Reforming design curriculum to be more inclusive
Saadi is also working to improve the product design process through curriculum development. Recently, she joined the Design Justice Project at MIT, which aims to ensure that students are taught to design inclusively for their users. “Education is training designers of the future, so you want to ensure that you’re teaching them to design equitably,” Saadi says. The project is comprised of a team of undergraduate and graduate students, postdocs, and faculty in both engineering and nonengineering fields.
Saadi is helping the team develop instructor surveys to determine if and how they’ve changed their design curriculum over time to include principles of diversity, equity, and inclusion (DEI). Based on the survey results, the team will come up with concrete suggestions for instructors to further incorporate DEI principles in their curriculum. For example, one recommendation could be for instructors to provide students with a checklist of inclusive design considerations, Saadi says.

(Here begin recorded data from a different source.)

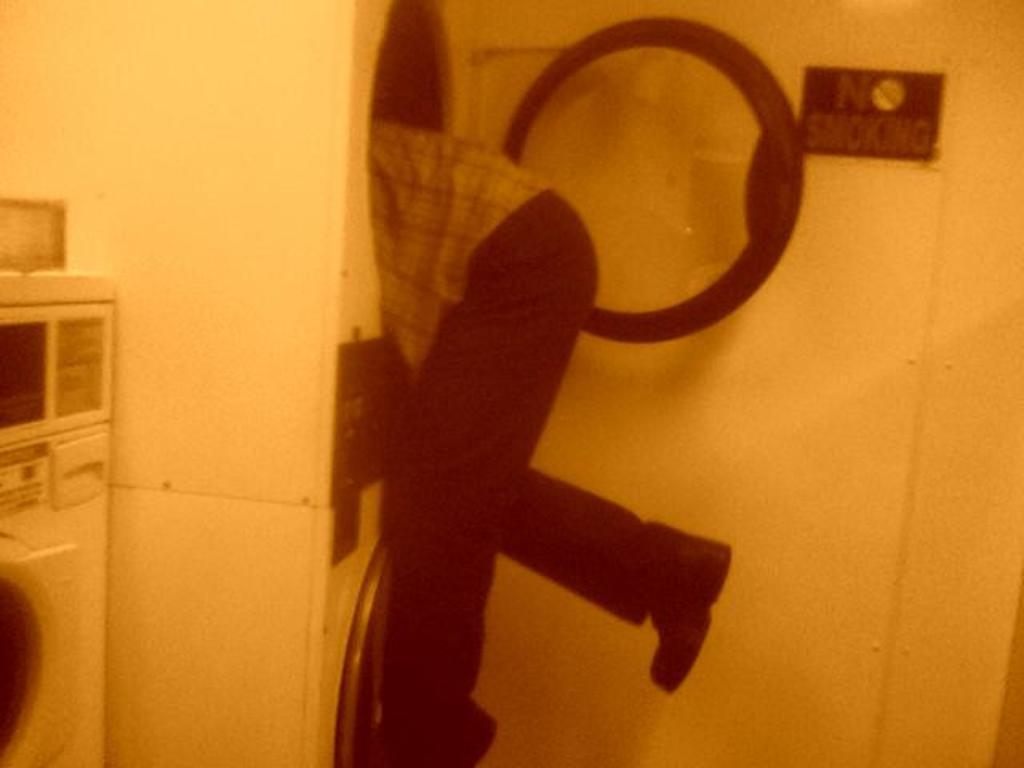What is the person in the image doing? There is a person inside a washing machine in the image. What can be seen on the left side of the image? There is another washing machine on the left side of the image. What is present in the top right of the image? There is a caution board in the top right of the image. What type of sidewalk can be seen in the image? There is no sidewalk present in the image. 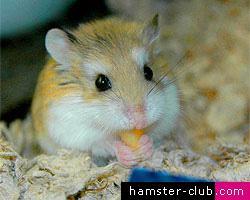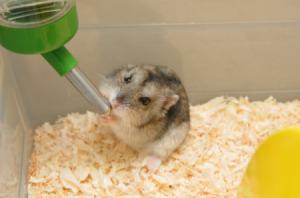The first image is the image on the left, the second image is the image on the right. Considering the images on both sides, is "A hamster is eating off a clear bowl full of food." valid? Answer yes or no. No. The first image is the image on the left, the second image is the image on the right. For the images shown, is this caption "An image shows an orange-and-white hamster next to a clear bowl of food." true? Answer yes or no. No. 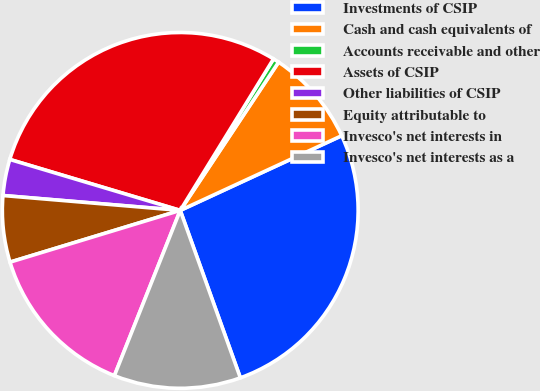<chart> <loc_0><loc_0><loc_500><loc_500><pie_chart><fcel>Investments of CSIP<fcel>Cash and cash equivalents of<fcel>Accounts receivable and other<fcel>Assets of CSIP<fcel>Other liabilities of CSIP<fcel>Equity attributable to<fcel>Invesco's net interests in<fcel>Invesco's net interests as a<nl><fcel>26.41%<fcel>8.78%<fcel>0.54%<fcel>29.16%<fcel>3.29%<fcel>6.03%<fcel>14.27%<fcel>11.52%<nl></chart> 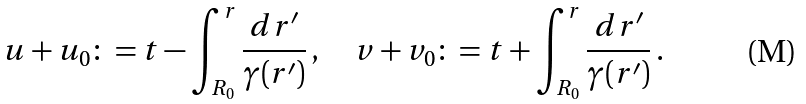Convert formula to latex. <formula><loc_0><loc_0><loc_500><loc_500>u + u _ { 0 } \colon = t - \int ^ { r } _ { R _ { 0 } } \frac { d r ^ { \prime } } { \gamma ( r ^ { \prime } ) } \, , \quad v + v _ { 0 } \colon = t + \int ^ { r } _ { R _ { 0 } } \frac { d r ^ { \prime } } { \gamma ( r ^ { \prime } ) } \, .</formula> 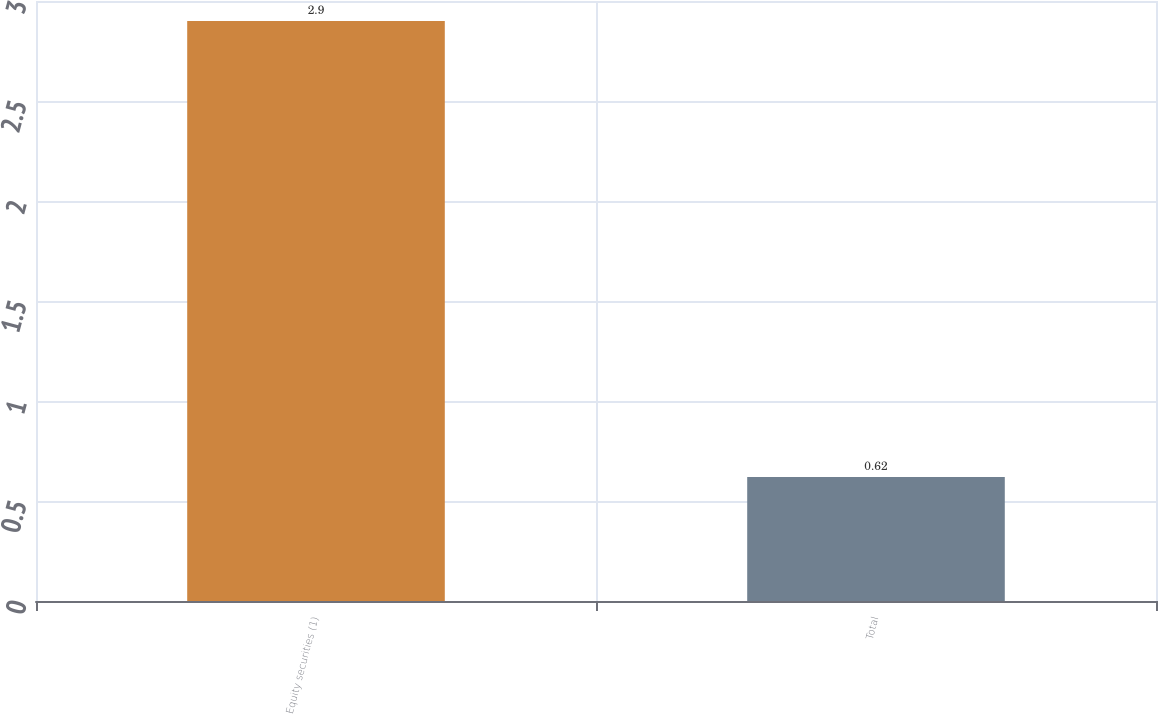Convert chart. <chart><loc_0><loc_0><loc_500><loc_500><bar_chart><fcel>Equity securities (1)<fcel>Total<nl><fcel>2.9<fcel>0.62<nl></chart> 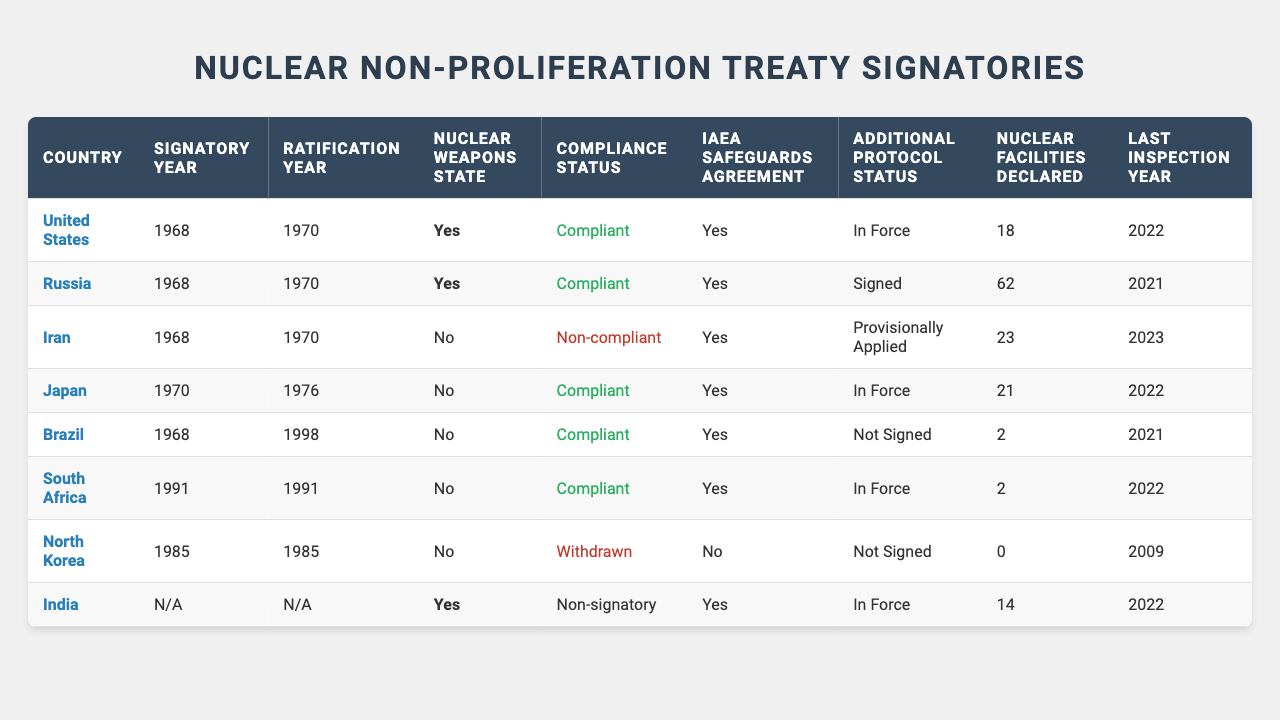What year did North Korea sign the Nuclear Non-Proliferation Treaty? According to the table, North Korea signed the treaty in 1985.
Answer: 1985 How many nuclear facilities are declared by Russia? The table shows that Russia has declared 62 nuclear facilities.
Answer: 62 Is Japan a nuclear weapons state? The table indicates that Japan is not a nuclear weapons state (indicated as No).
Answer: No What is the compliance status of Iran? The table states that Iran's compliance status is "Non-compliant."
Answer: Non-compliant What year was the last inspection conducted for South Africa? According to the table, the last inspection for South Africa was conducted in 2022.
Answer: 2022 Which country has the highest number of nuclear facilities declared? By comparing the data, Russia has the highest number of declared nuclear facilities with 62.
Answer: Russia How many countries in the table are non-compliant? The table shows 2 countries that are non-compliant: Iran and North Korea.
Answer: 2 Which countries have an additional protocol status of 'In Force'? From the table, the countries with 'In Force' additional protocol status are the United States, Japan, and South Africa.
Answer: United States, Japan, South Africa Is there a nuclear weapons state that is non-signatory to the treaty? The table indicates that India, a nuclear weapons state, is a non-signatory to the treaty (no signatory year listed).
Answer: Yes What is the average number of nuclear facilities declared among compliant countries? The compliant countries are the United States (18), Russia (62), Japan (21), Brazil (2), and South Africa (2). Adding these gives a total of 105 facilities. There are 5 compliant countries, so the average is 105/5 = 21.
Answer: 21 What is the relationship between compliance status and IAEA safeguards agreement for nuclear weapons states? The table shows that both the United States and Russia (nuclear weapons states) are compliant and have IAEA safeguards agreements in place. On the other hand, India, although a nuclear weapons state, is listed as a non-signatory.
Answer: Compliant with safeguards How many countries signed the treaty in the 1960s? The table shows that there are 4 countries (United States, Russia, Iran, Brazil) that signed the treaty in the 1960s.
Answer: 4 What does the classification of North Korea under 'Withdrawn' signify regarding its nuclear facilities? The 'Withdrawn' status means North Korea is no longer a participant in the treaty, and it has declared 0 nuclear facilities according to the table.
Answer: No facilities declared

To help generate more ideas and extend this conversation to a larger community, Saadi is helping the team organize a two-day summit for people working on design education, including instructors from MIT and other institutions. At the summit, participants will discuss the future of design education and brainstorms ways to translate DEI principles from the classroom into standard industry practices. The summit, called the Design Justice Pedagogy Summit, will take place later this month from August 24 to 26.
“As you can see, I’m enjoying this part of my PhD where I have time to diversify my research,” Saadi says. But at the core, “my approach to research is [understanding] the people and the process. There’s a lot of interesting questions to ask.”